Залп следовал за залпом, Мин надеялся убить хоть нескольких ненавистных ему студентов.
Весть о событиях у Технологического разнеслась по городу мгновенно. К градоначальнику приехал представитель Союза союзов. Оттуда с прокурором и судебным следователем он отправился на место происшествия.
Делегацию долго не допускали к Мину. Наконец неизвестный офицер провел ее сквозь строй солдат.
– Что вам здесь нужно? – закричал Мин.
Прокурор обиделся:
– Если вы на меня, прокурора города Петербурга, еще раз посмеете повысить голос, я подам жалобу командующему войсками великому князю Николаю Николаевичу.
Мин спохватился:
– Из окон института, господин прокурор, студенты в моих солдат бросили бомбу!

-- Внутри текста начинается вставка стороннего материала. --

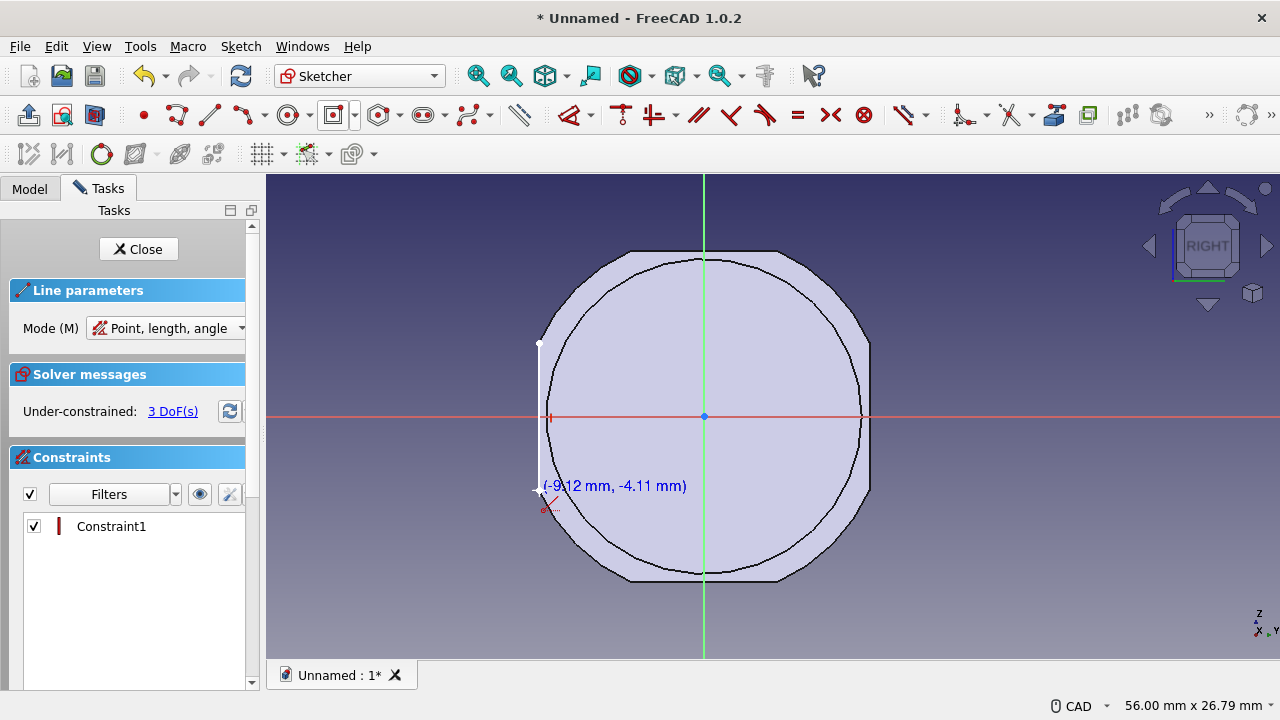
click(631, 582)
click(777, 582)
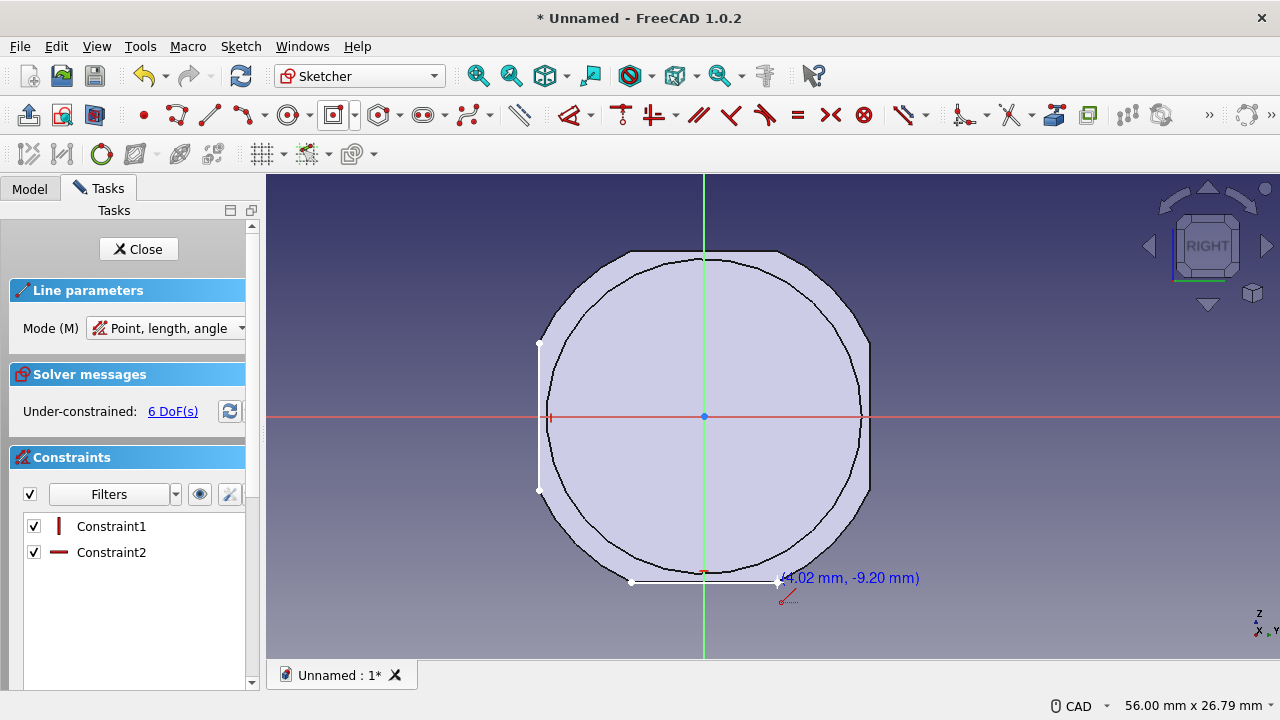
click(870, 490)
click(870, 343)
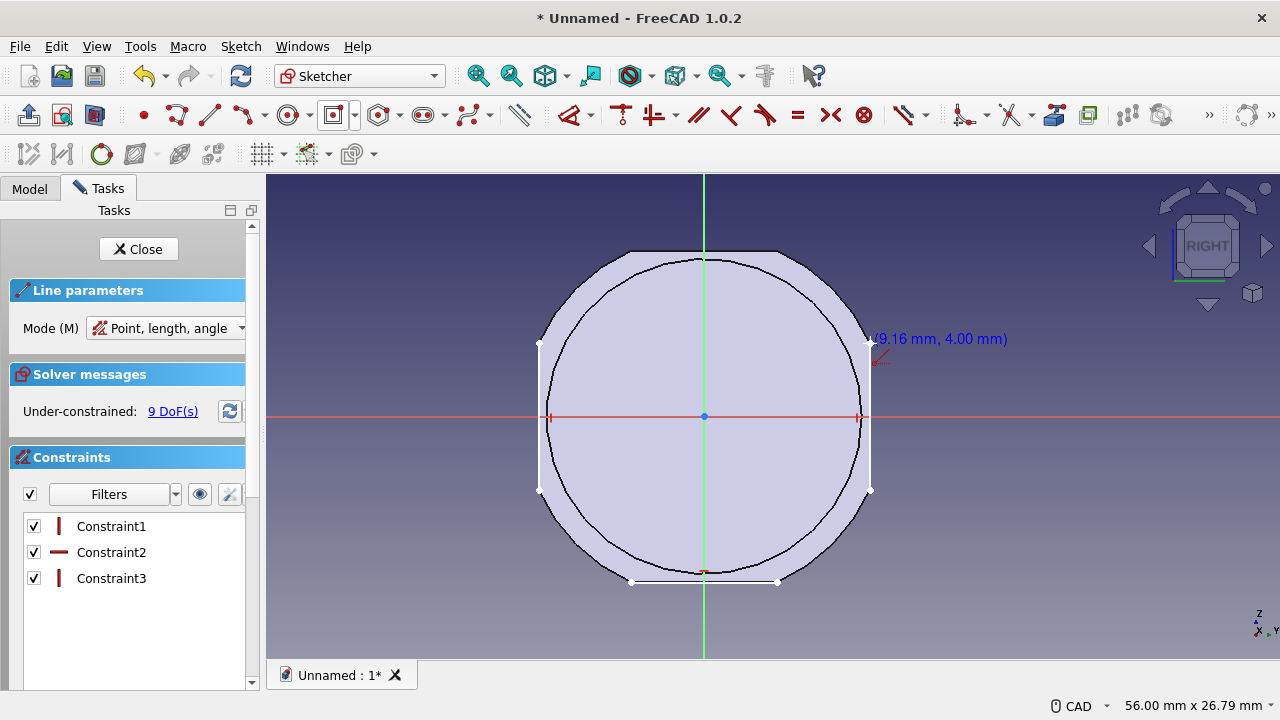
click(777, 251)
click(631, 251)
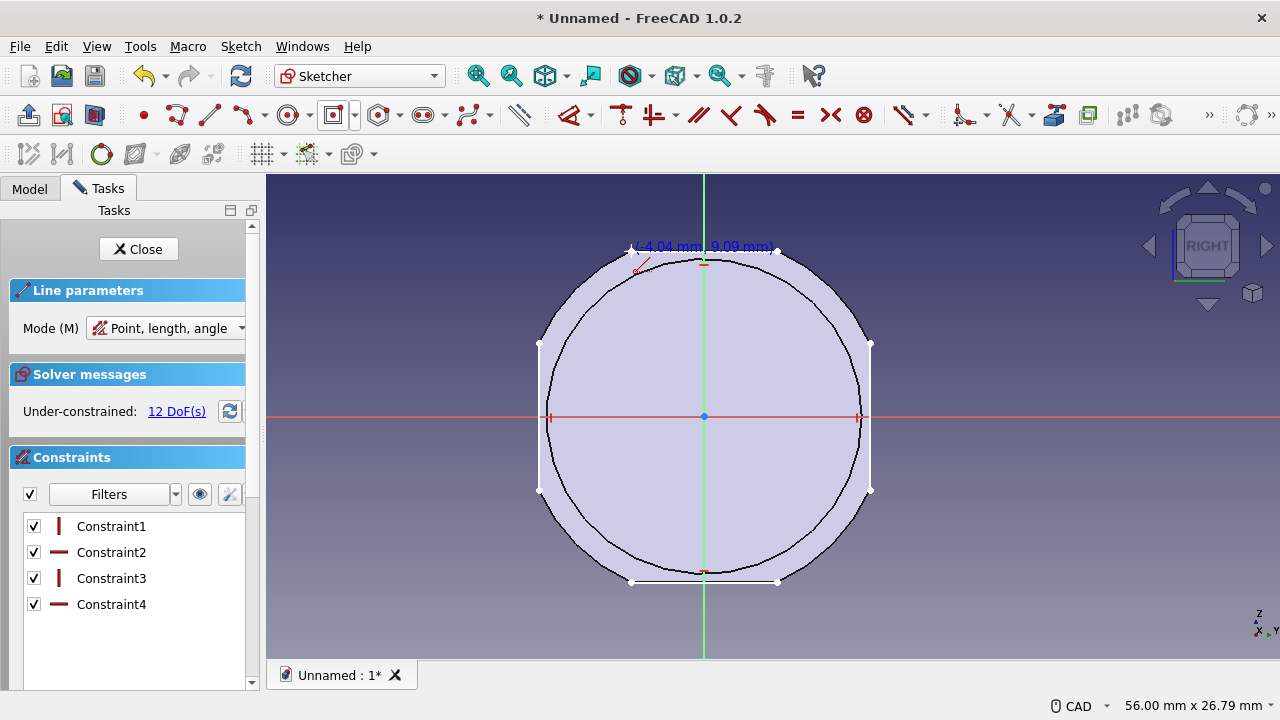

Судебные власти приступили к производству следствия. Выяснилось, что окна Технологического института замазаны на зиму и целы, что делало невозможным метание через них какого-либо предмета. К тому же выяснилось, что бомба была брошена у Бронницкой, то есть далеко от института.
Комиссия вернулась к Мину.
– Милостивый государь господин полковник, при чем здесь институт и студенты? – спросил прокурор. – И наконец, какая же это бомба? Ни раненых, ни убитых, и даже в мостовой нет следа от взрыва. Такая бомба, не знаю, как у вас, военных, а у нас называется петардой.
Тем не менее войска продолжали стоять вокруг Технологического. Стало известно, что в институте восемьдесят семь студентов и несколько профессоров, но что они укрылись во внутренние помещения и, по-видимому, невредимы.
Когда Дашенька и Маша вышли на Невский, они сразу поняли, что большинство идет в одном направлении: к Владимирскому, чтобы оттуда пройти к Загородному и к институту. Передавали слухи, будто семеновцы не только блокировали Технологический, но и стараются проникнуть в помещение, изнутри забаррикадированное.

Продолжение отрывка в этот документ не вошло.